Reverse lunge + overhead press
Select a pair of dumbbells that you can lift overhead 8-12 times before fatiguing. In a standing position, with feet hip-width apart, hold the dumbbells at shoulder height with palms facing each other. Extend one leg back and drop down into a lunge, then press both dumbbells overhead. Lower the dumbbells to the starting position and stand back up, using the front leg to drive your body back to standing. Repeat the movement, but with the other leg extending back into the lunge. After both legs have lunged and you have pressed the dumbbells overhead twice, you have completed one repetition. Try to complete 2-5 sets of 4-6 reps, resting 45-120 seconds between sets.
Side lunge + row
Select a pair of dumbbells that are a bit heavier than those you used for the Reverse Lunge + Overhead Press. In a standing position, with feet hip-width apart, hold the dumbbells at your sides with palms facing each other. Step to the side, extending the leg fully and drop down into a lunge (which will feel more like a squat in this position), then hinge forward at the hips, and with the chest nearly facing the ground, row both dumbbells to the hip area. Lower the dumbbells, raise your trunk, then pull yourself back to the starting position, with the anchor leg (e.g. the leg that did not move) bent to perform the lunge. Repeat the movement on the other side. After each leg has lunged and you have rowed the dumbbells twice, you have completed one repetition. Try to complete 2-5 sets of 4-6 reps, resting 45-120 seconds between sets.
Medicine ball slam
Get your aggression out while sculpting your abs with this explosive movement. Ideally, you'll use a soft medicine ball, but a laundry or duffel bag stuffed with clothes will do, too.
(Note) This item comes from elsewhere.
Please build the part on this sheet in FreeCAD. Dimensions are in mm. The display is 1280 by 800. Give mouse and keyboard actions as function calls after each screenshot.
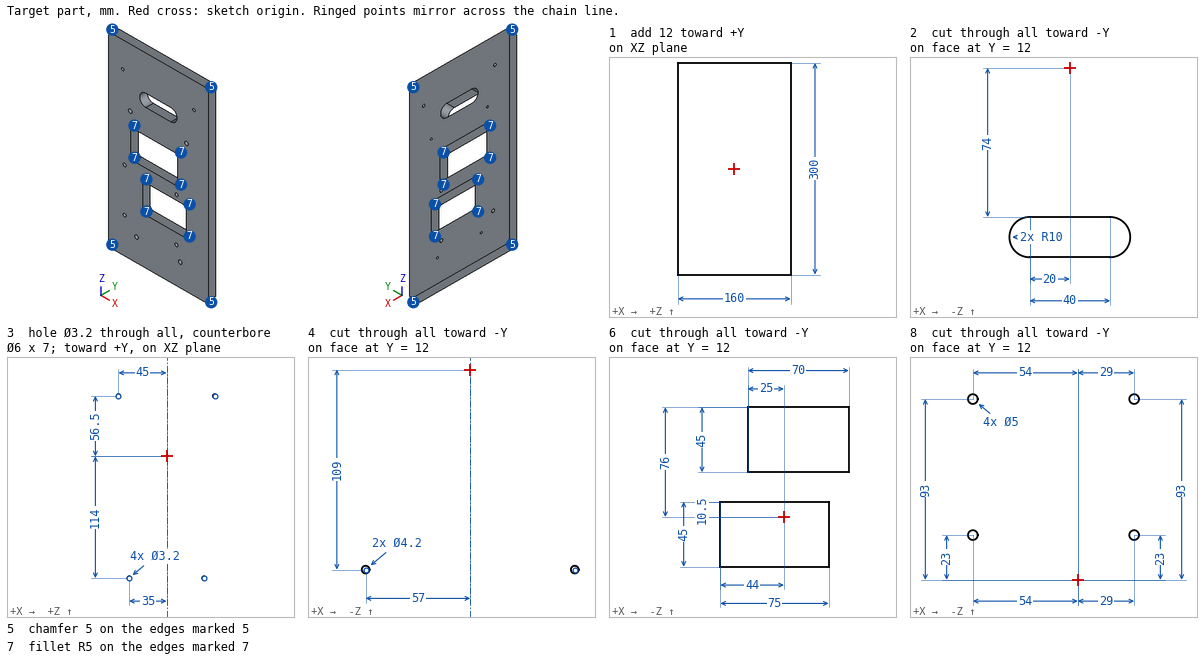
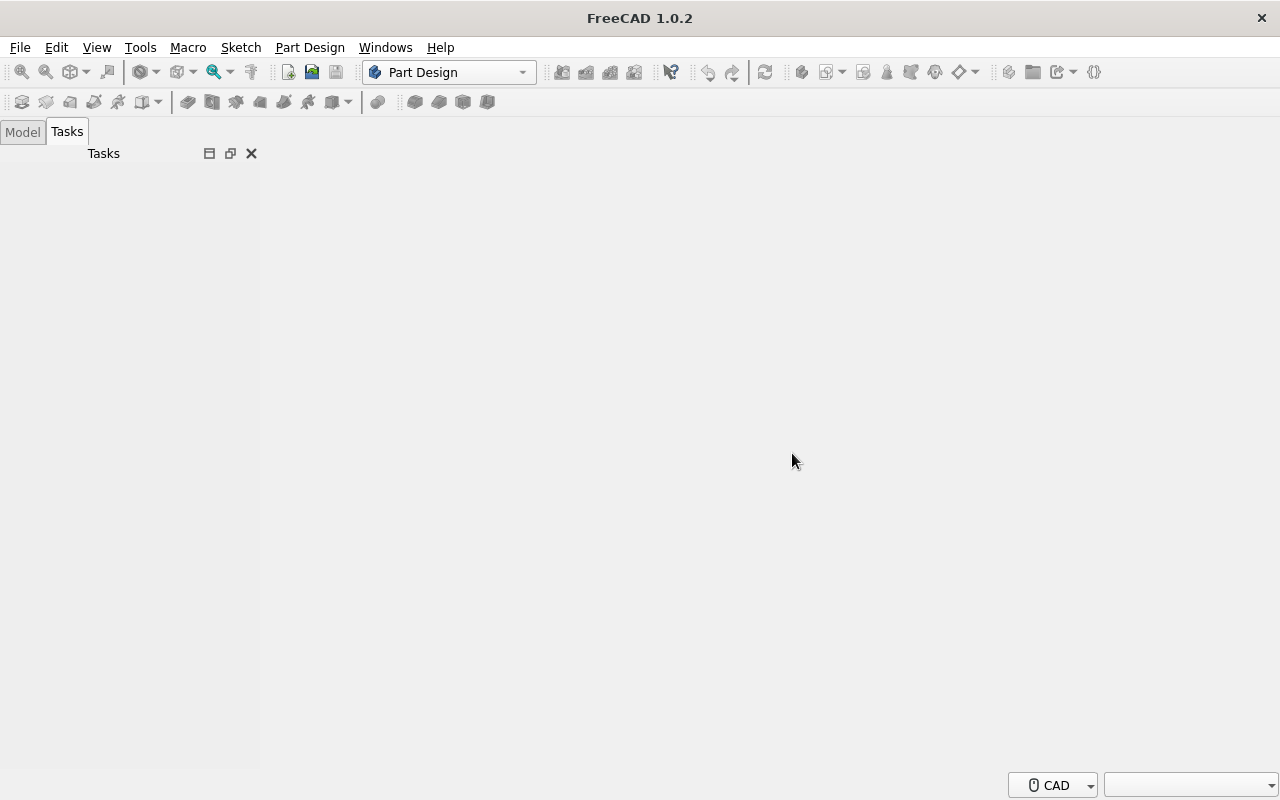
click(288, 72)

Raise the implement overhead and simultaneously hinge your hips backwards (think: close a door behind you with your bottom), while slamming the implement to the ground. Be sure to maintain your grip on the implement, so you can immediately go right into your next repetition. This exercise is best done in intervals, e.g. 30 second of slams, followed by 15-60 seconds of rest, repeated several times over — or as a single set the next time your computer freezes up on you!
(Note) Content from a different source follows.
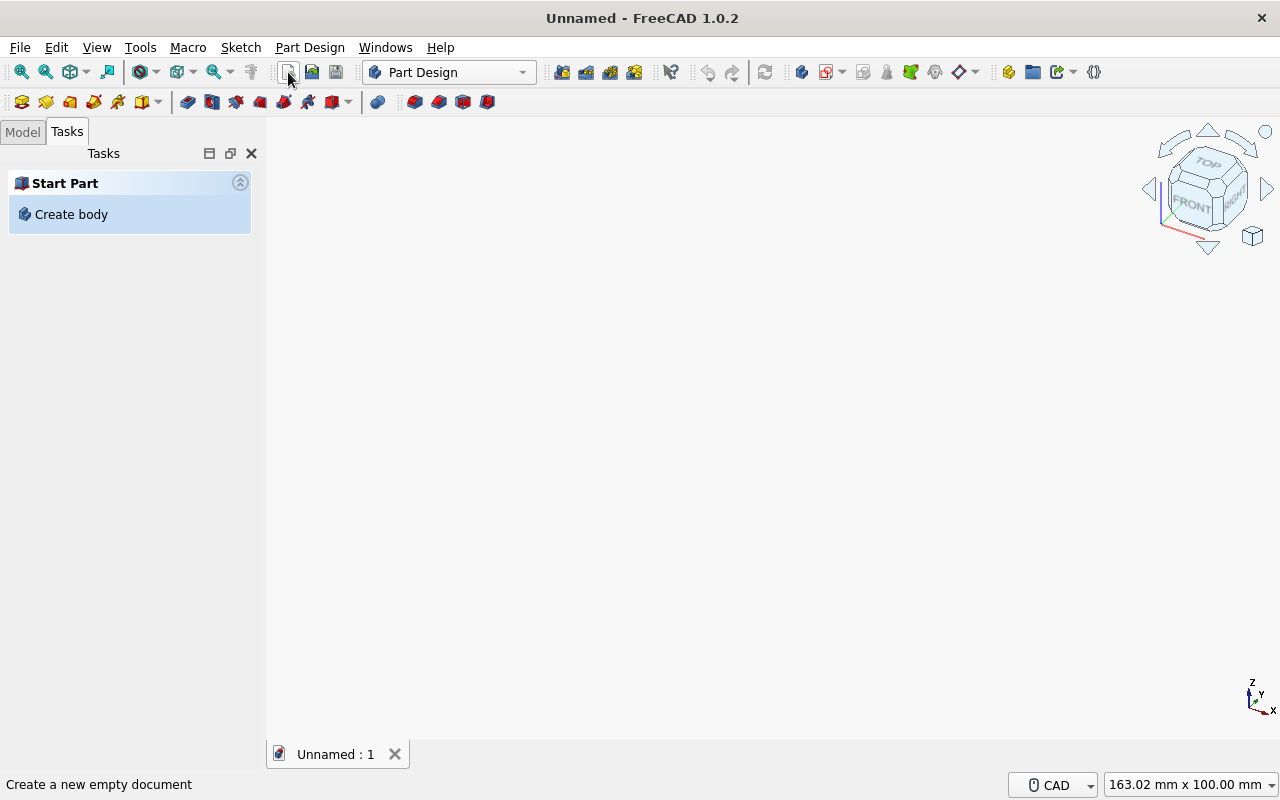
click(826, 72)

The box squat may be the most effective tool to not only teach yourself how to squat correctly, but to also continue to train the movement (if it's appropriate for power lifters performing 800-pound squats, it's not "too easy" for you!). Set up in front of a chair, step, or stool (your "box") that is just below knee height, with feet just outside hip width, and the toes slightly turned out. Cross the arms by placing your hands on opposite shoulders, with the elbows pointed up high. Initiate the movement not by sitting down, but by sitting back — just as you would on the toilet...silly, but it will help you lock in perfect form. Come to a complete stop on the chair or step, then return to standing. Be sure that your knees do not collapse inward at any point in time during the movement. There is high variability in the number of sets and reps you can do, but I would suggest beginners start with 2-4 sets of 10-15 reps, taking 45-120 seconds rest between sets.